Our colleague checked it out and didn’t see this scheduling item. Does it need to be added manually?

| username: h5n1 | Original post link

That’s not what I meant. It’s about checking the operator generation in the pd.log of the PD leader.

  • Confirm the specific manifestation of “slow” synchronization progress. For the problematic table, does its flash_region_count remain “unchanged” for a long time, or does it just “change slowly” (e.g., it increases by a few regions every few minutes)?
    • If it is “unchanged,” you need to investigate which part of the entire workflow has an issue.
      Check if there are problems in the workflow where TiFlash sets a rule for PD → PD issues AddLearner scheduling to the Region leader in TiKV → TiKV synchronizes Region data to TiFlash.

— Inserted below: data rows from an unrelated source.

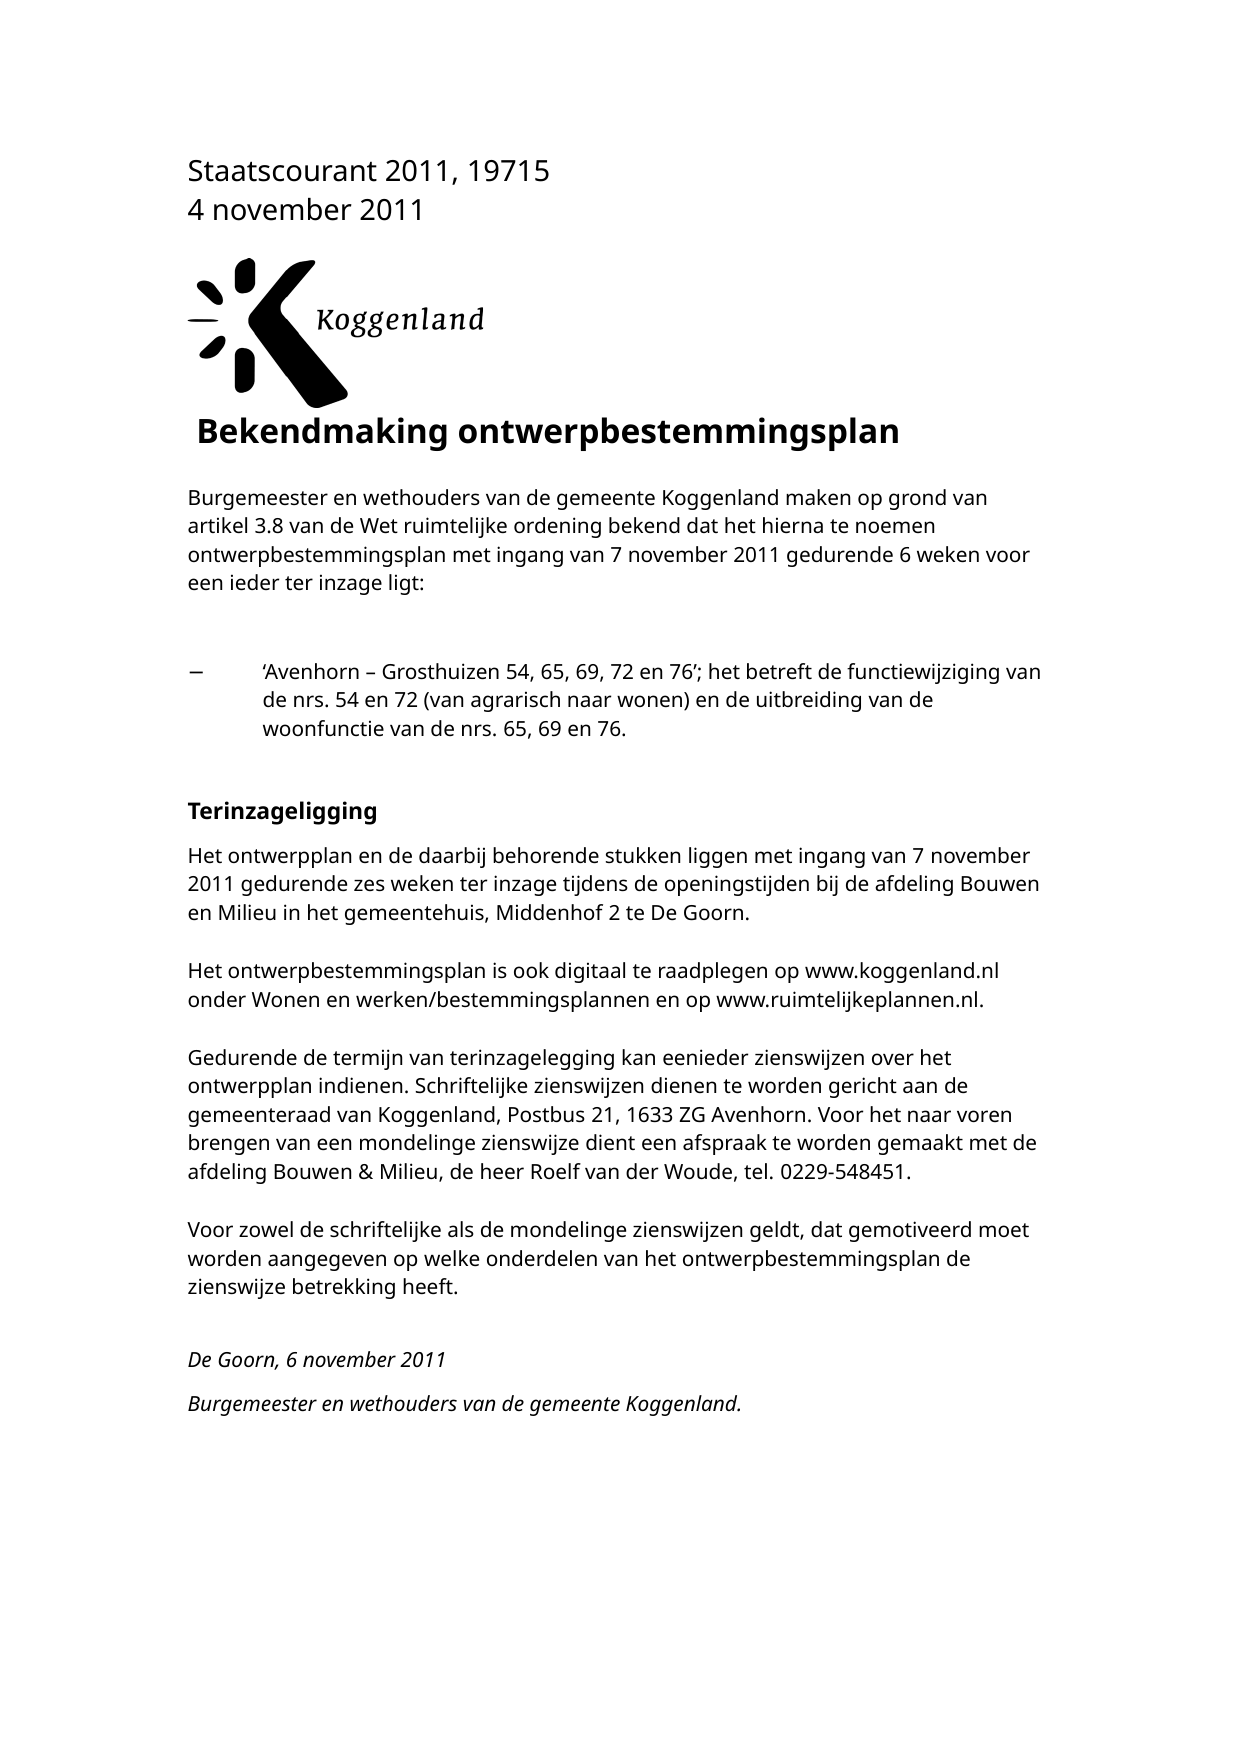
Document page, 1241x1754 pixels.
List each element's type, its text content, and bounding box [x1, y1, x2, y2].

subtitle Bekendmaking ontwerpbestemmingsplan [187, 271, 1053, 453]
text Burgemeester en wethouders van de gemeente Koggenland. [187, 1389, 1053, 1417]
text Het ontwerpplan en de daarbij behorende stukken liggen met ingang van 7 november 2011 gedurende zes weken ter inzage tijdens de openingstijden bij de afdeling Bouwen en Milieu in het gemeentehuis, Middenhof 2 te De Goorn. [187, 841, 1053, 926]
text Burgemeester en wethouders van de gemeente Koggenland maken op grond van artikel 3.8 van de Wet ruimtelijke ordening bekend dat het hierna te noemen ontwerpbestemmingsplan met ingang van 7 november 2011 gedurende 6 weken voor een ieder ter inzage ligt: [187, 483, 1053, 597]
text Voor zowel de schriftelijke als de mondelinge zienswijzen geldt, dat gemotiveerd moet worden aangegeven op welke onderdelen van het ontwerpbestemmingsplan de zienswijze betrekking heeft. [187, 1215, 1053, 1301]
text De Goorn, 6 november 2011 [187, 1346, 1053, 1374]
picture [187, 258, 484, 408]
text Staatscourant 2011, 19715 [187, 150, 1053, 190]
text Gedurende de termijn van terinzagelegging kan eenieder zienswijzen over het ontwerpplan indienen. Schriftelijke zienswijzen dienen te worden gericht aan de gemeenteraad van Koggenland, Postbus 21, 1633 ZG Avenhorn. Voor het naar voren brengen van een mondelinge zienswijze dient een afspraak te worden gemaakt met de afdeling Bouwen & Milieu, de heer Roelf van der Woude, tel. 0229-548451. [187, 1043, 1053, 1185]
subtitle Terinzageligging [187, 795, 1053, 826]
text 4 november 2011 [187, 190, 1053, 229]
list ‘Avenhorn – Grosthuizen 54, 65, 69, 72 en 76’; het betreft de functiewijziging van de nrs. 54 en 72 (van agrarisch naar wonen) en de uitbreiding van de woonfunctie van de nrs. 65, 69 en 76. [187, 657, 1053, 742]
text Het ontwerpbestemmingsplan is ook digitaal te raadplegen op www.koggenland.nl onder Wonen en werken/bestemmingsplannen en op www.ruimtelijkeplannen.nl. [187, 956, 1053, 1013]
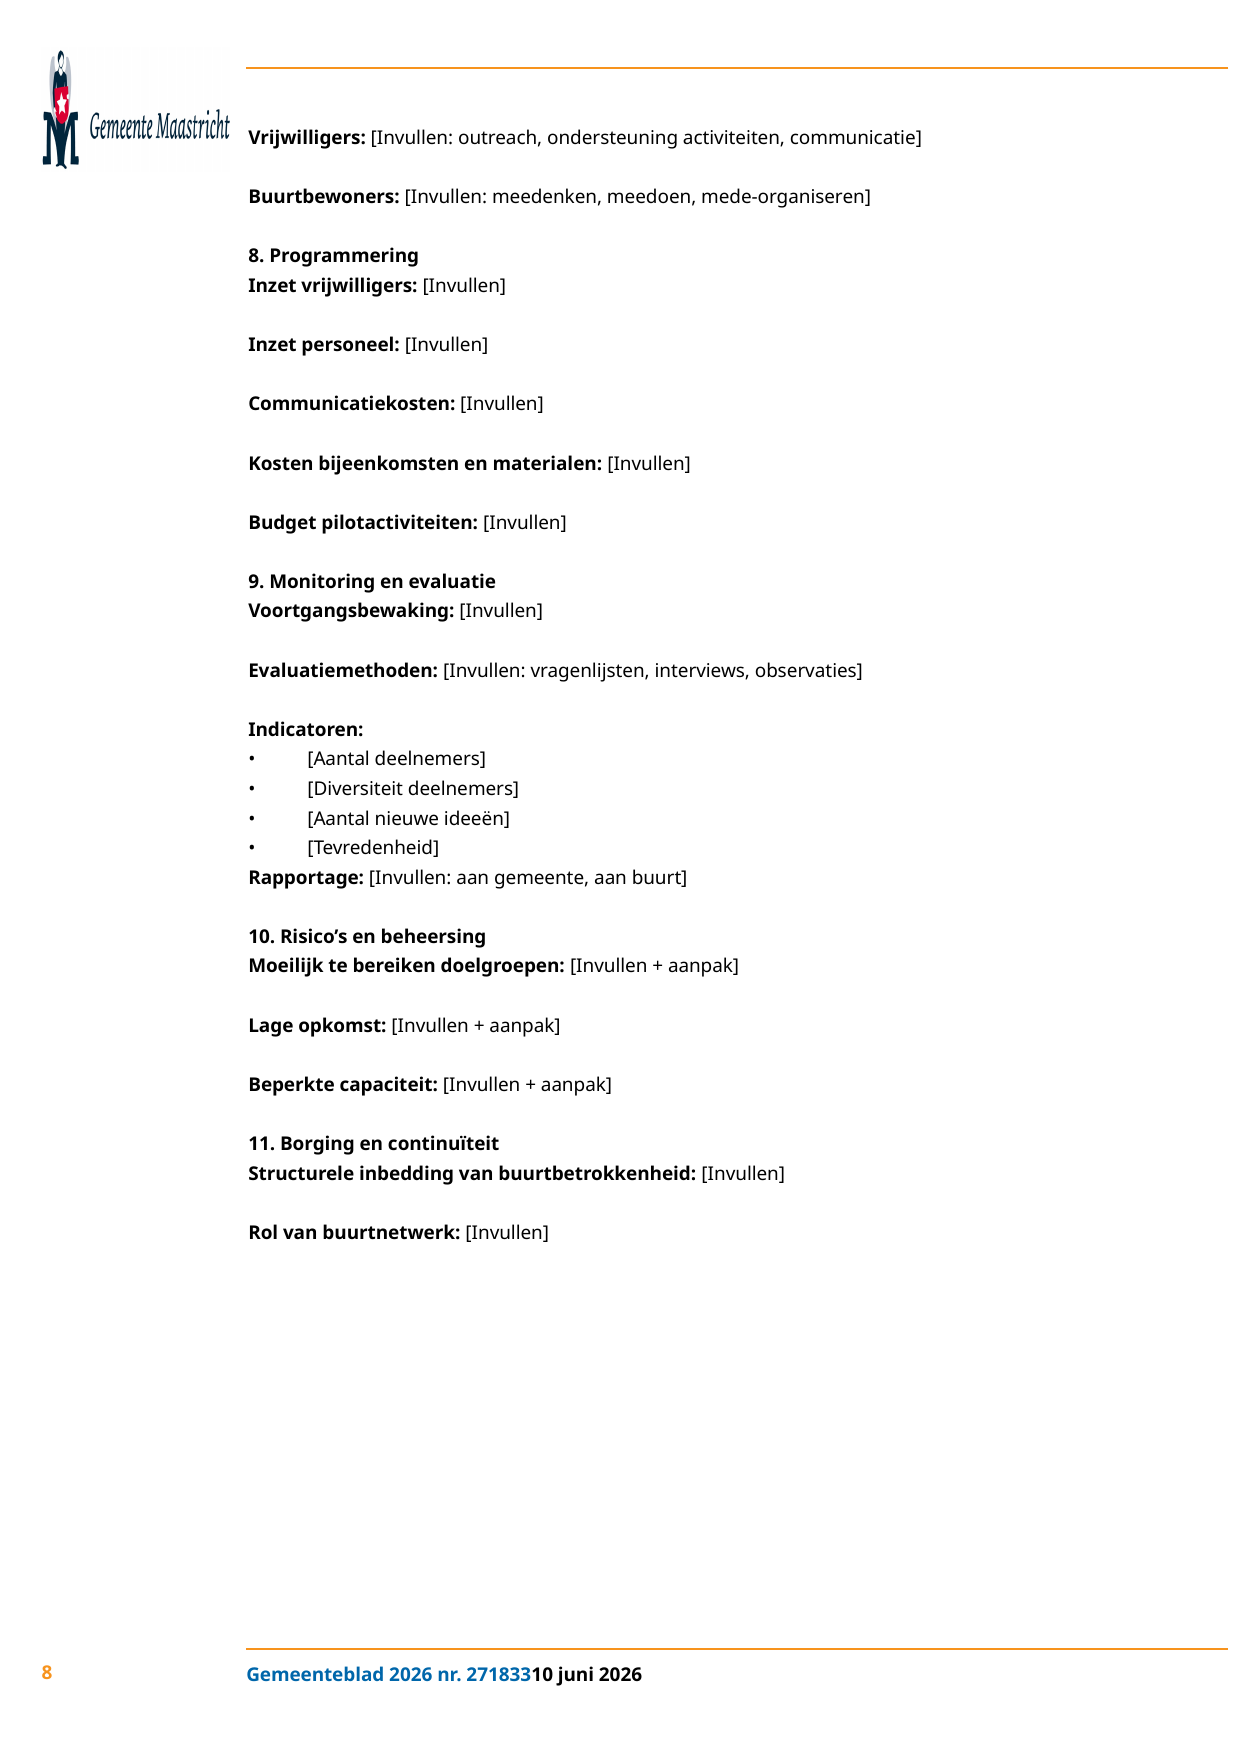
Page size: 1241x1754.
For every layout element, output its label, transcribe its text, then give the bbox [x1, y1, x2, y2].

text 11. Borging en continuïteit [248, 1130, 1152, 1156]
list [Aantal nieuwe ideeën] [248, 805, 1152, 831]
text Inzet vrijwilligers: [Invullen] [248, 272, 1152, 298]
text Communicatiekosten: [Invullen] [248, 391, 1152, 416]
text Vrijwilligers: [Invullen: outreach, ondersteuning activiteiten, communicatie] [248, 124, 1152, 150]
text 10. Risico’s en beheersing [248, 923, 1152, 949]
text Kosten bijeenkomsten en materialen: [Invullen] [248, 450, 1152, 476]
text Voortgangsbewaking: [Invullen] [248, 598, 1152, 623]
text 8. Programmering [248, 243, 1152, 268]
list [Aantal deelnemers] [248, 746, 1152, 771]
list [Tevredenheid] [248, 834, 1152, 860]
text Inzet personeel: [Invullen] [248, 331, 1152, 357]
text Rapportage: [Invullen: aan gemeente, aan buurt] [248, 864, 1152, 890]
text Lage opkomst: [Invullen + aanpak] [248, 1012, 1152, 1038]
text Rol van buurtnetwerk: [Invullen] [248, 1219, 1152, 1245]
text Structurele inbedding van buurtbetrokkenheid: [Invullen] [248, 1160, 1152, 1186]
text Budget pilotactiviteiten: [Invullen] [248, 509, 1152, 535]
text Buurtbewoners: [Invullen: meedenken, meedoen, mede-organiseren] [248, 183, 1152, 209]
text Beperkte capaciteit: [Invullen + aanpak] [248, 1071, 1152, 1097]
list [Diversiteit deelnemers] [248, 775, 1152, 801]
text Evaluatiemethoden: [Invullen: vragenlijsten, interviews, observaties] [248, 657, 1152, 683]
text Moeilijk te bereiken doelgroepen: [Invullen + aanpak] [248, 953, 1152, 978]
text 9. Monitoring en evaluatie [248, 568, 1152, 594]
picture [41, 47, 231, 172]
text Indicatoren: [248, 716, 1152, 742]

Collect logs from related components (pd.log, tikv.log, tiflash_tikv.log, tiflash.log) for troubleshooting.
      You can check the warn/error information in the tikv and tiflash-proxy logs to confirm if there are errors such as network isolation.
| username: 饭光小团 | Original post link

I checked the tiflash.toml and found this configuration, but the tiflash_cluster_manager.log file is missing. Is this considered abnormal? According to the documentation, flash_region_count needs to be confirmed in the tiflash_cluster_manager.log.

| username: h5n1 | Original post link

You can try deleting this strategy from the table as mentioned earlier.

| username: 饭光小团 | Original post link

This still doesn’t work. Our cluster is a production cluster, and it is currently configured to distribute data on hot and cold disks. If we delete it, it will be scheduled to ordinary HDDs, which might cause problems. Since I can’t see the flash_region_count (there is no tiflash_cluster_manager.log log), I will continue to follow this and take another look.

| username: h5n1 | Original post link

Create a test table and try it.

| username: 饭光小团 | Original post link

Add some monitoring charts



tiup ctl:v6.1.2 pd -u xxx:2379 operator show

| username: Hacker_bhcKiBGm | Original post link

test_djx Is this table always at 0 progress, or does it return to normal after a long period of time?

| username: Hacker_bhcKiBGm | Original post link

Is the cluster itself very large?

| username: 饭光小团 | Original post link

The current test_djx is an empty table.